Ingredients (11 ingredients)

  • 600 g Potatoes, waxy
  • 500 g Brussels sprouts
  • 1 Stück Onion
  • 3 EL Butter
  • 3 EL Flour
  • 250 ml Vegetable broth
  • 250 g Cream
  • 100 g Mozzarella, grated
  • 1 Prise Salt
  • 1 Prise Pepper
  • 1 Prise Nutmeg

Preparation (5 steps)

1

Chop the onions

Thermomix® Setting
3 sec/Speed 5

Place 1 onion in the mixing bowl and chop for 3 sec./speed 5. Transfer.

3 sec
2

Pre-cook potatoes and Brussels sprouts

Thermomix® Setting
10 min/Varoma/Speed 1 + 5 min/Varoma/Speed 1 Varoma

Peel 600 g potatoes, dice them and place them in the simmering basket.

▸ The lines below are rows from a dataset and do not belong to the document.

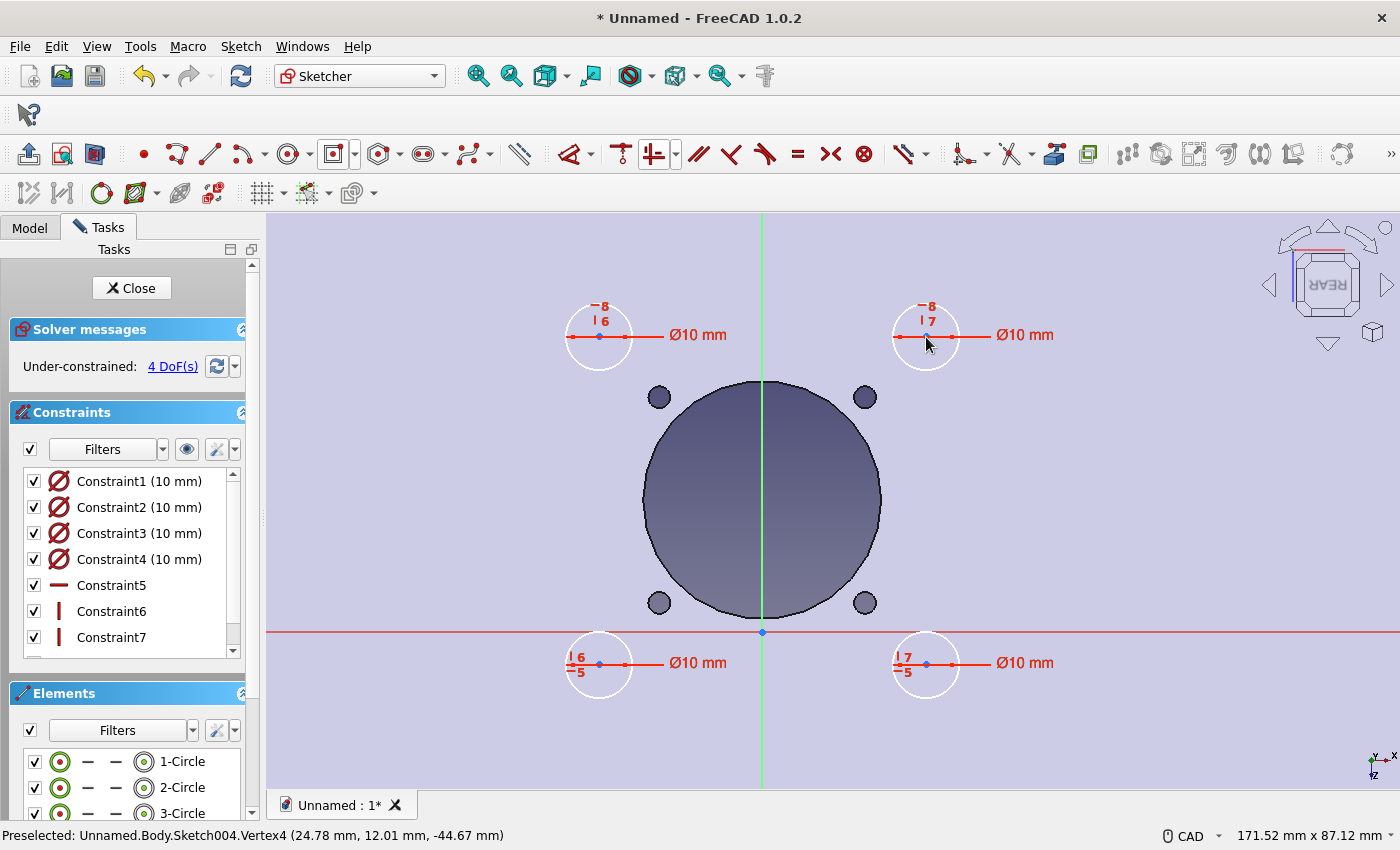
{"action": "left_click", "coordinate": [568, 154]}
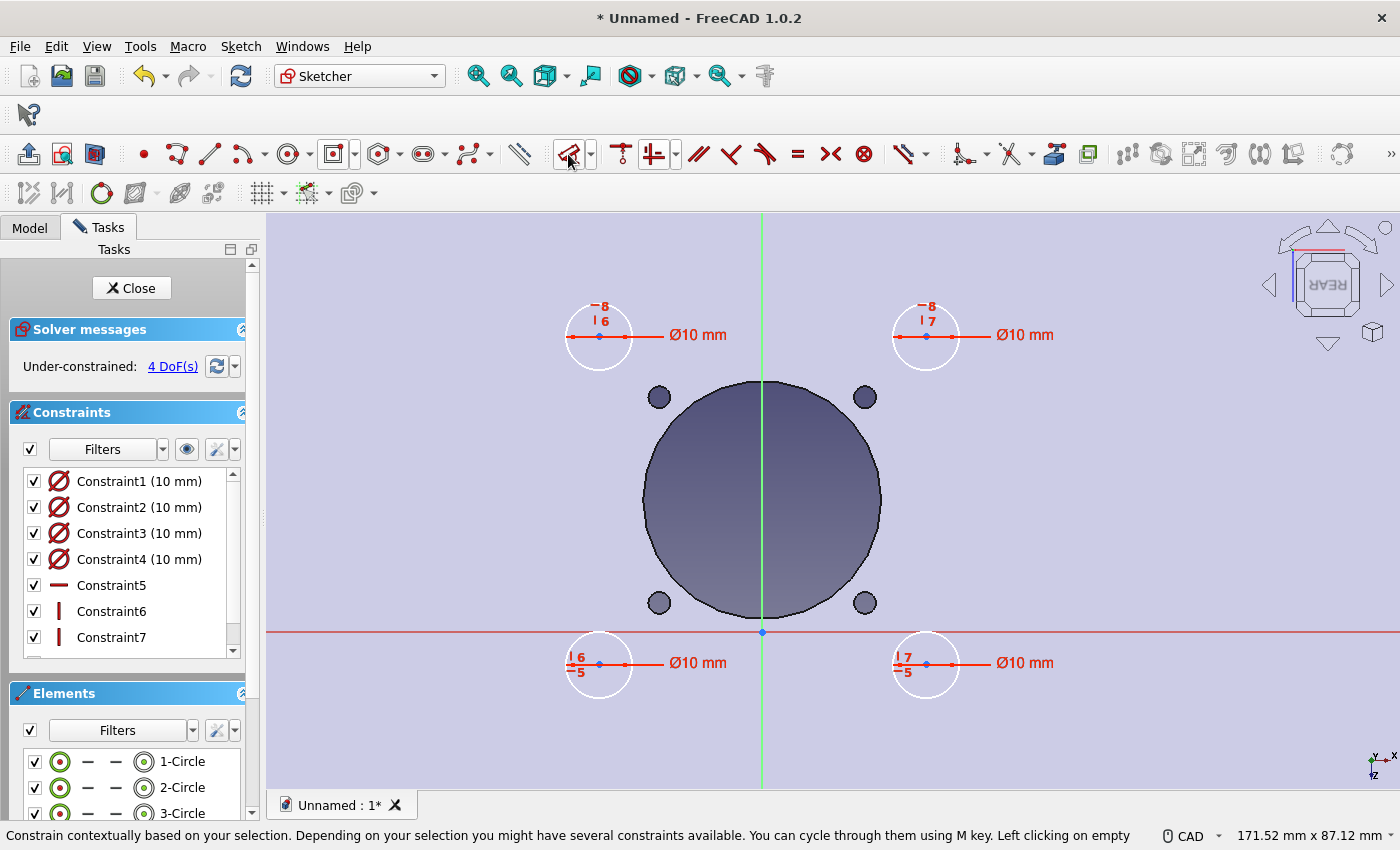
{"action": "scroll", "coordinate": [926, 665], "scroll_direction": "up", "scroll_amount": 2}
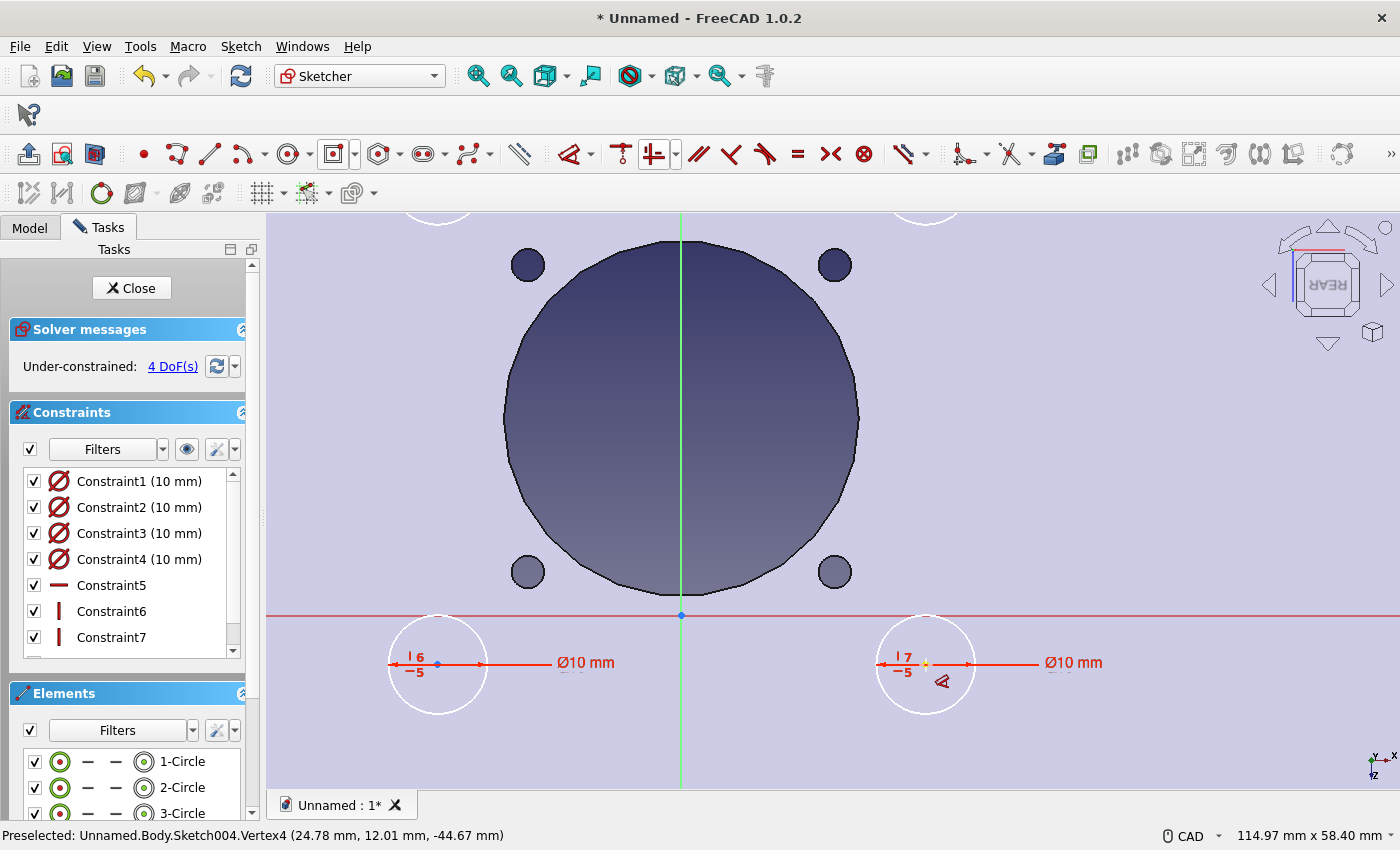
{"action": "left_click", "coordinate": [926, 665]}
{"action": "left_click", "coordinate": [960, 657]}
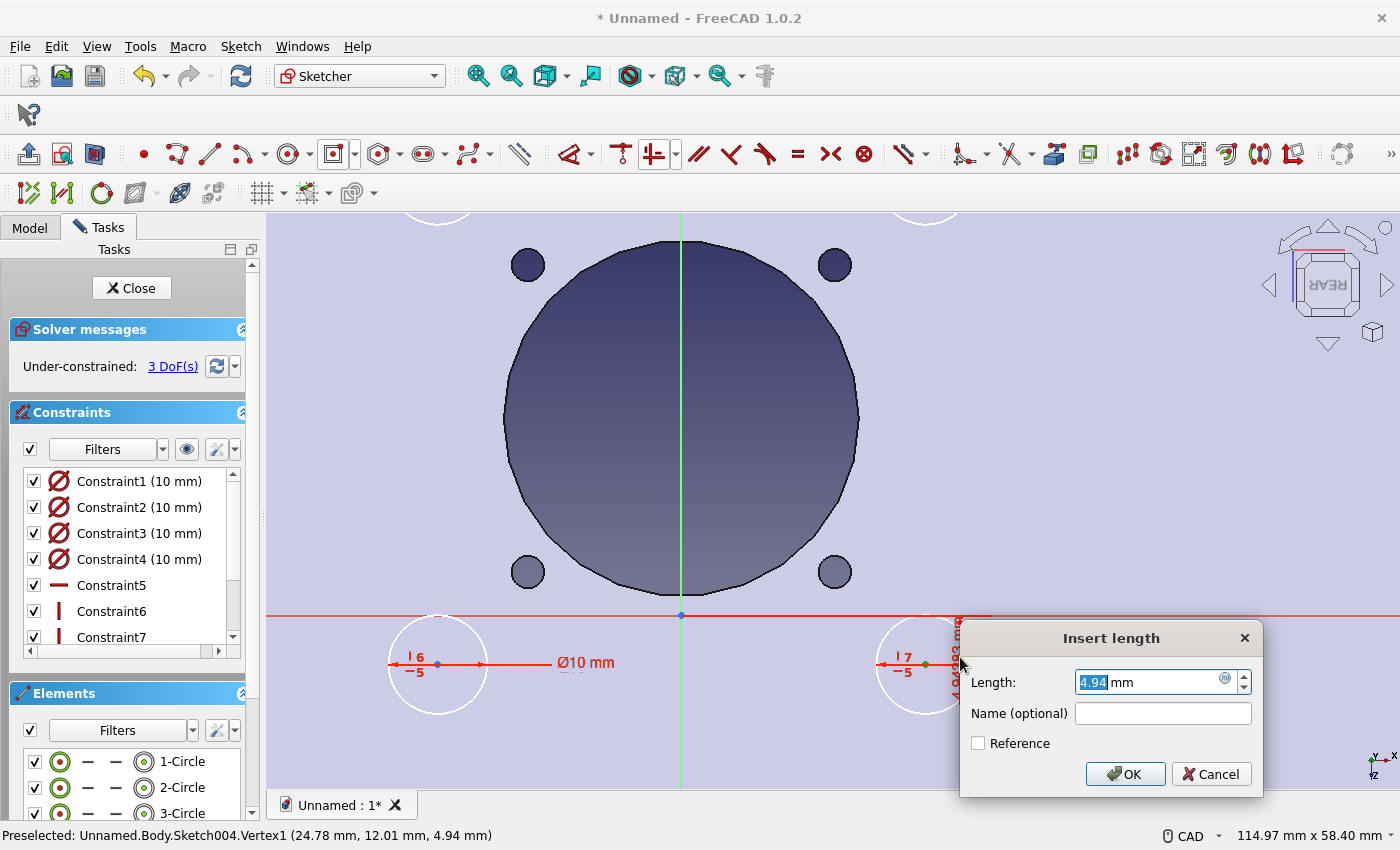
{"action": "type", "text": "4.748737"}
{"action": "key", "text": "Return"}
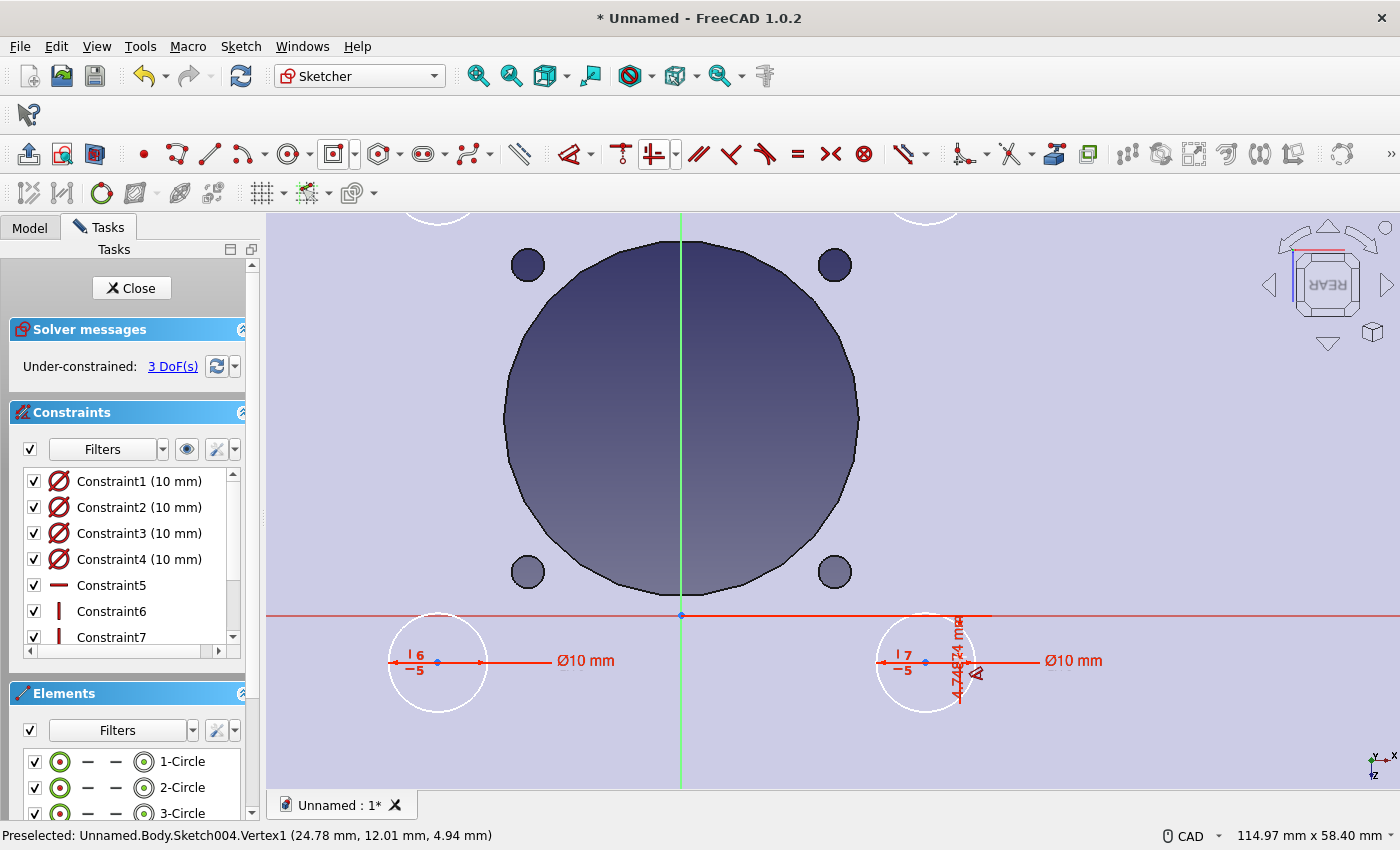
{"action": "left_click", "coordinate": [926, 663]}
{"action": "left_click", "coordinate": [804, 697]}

Clean and halve 500 g Brussels sprouts. Add 1000 ml water to the mixing bowl, insert the simmering basket, pre-cook the potatoes for 10 min./Varoma/speed 1. Add the Brussels sprouts and cook for another 5 min./Varoma/speed 1. Drain the potatoes and Brussels sprouts and set aside.

15 min
3

Prepare the roux

Thermomix® Setting
3 min/248°F/Speed 1 + 3 min/248°F/Speed 1 + 2 min/248°F/Speed 2 + 5 min/194°F/Speed 3 194°F

Add 3 tbsp butter to the mixing bowl and melt for 3 min./120°C/speed 1. Add chopped onion and sauté for 3 min./120°C/speed 1. Add 3 tbsp flour and stir in for 2 min./120°C/speed 2. Slowly add 250 ml vegetable broth and 250 g cream through the lid opening and cook for 5 min./90°C/speed 3.

13 min
4

Season and mix

Thermomix® Setting
1 min/Gentle stir speed/Linkslauf Reverse

Season with salt, pepper and nutmeg. Add potatoes and Brussels sprouts to the mixing bowl and mix for 1 min./soft stirring level/reverse.

1 min
5

Bake

Thermomix® Setting
20-30 min/356°F/Ober-/Unterhitze 356°F

Pour the mixture into a greased casserole dish, sprinkle with 100 g grated mozzarella and bake in a preheated oven at 180°C top/bottom heat for 20-30 minutes.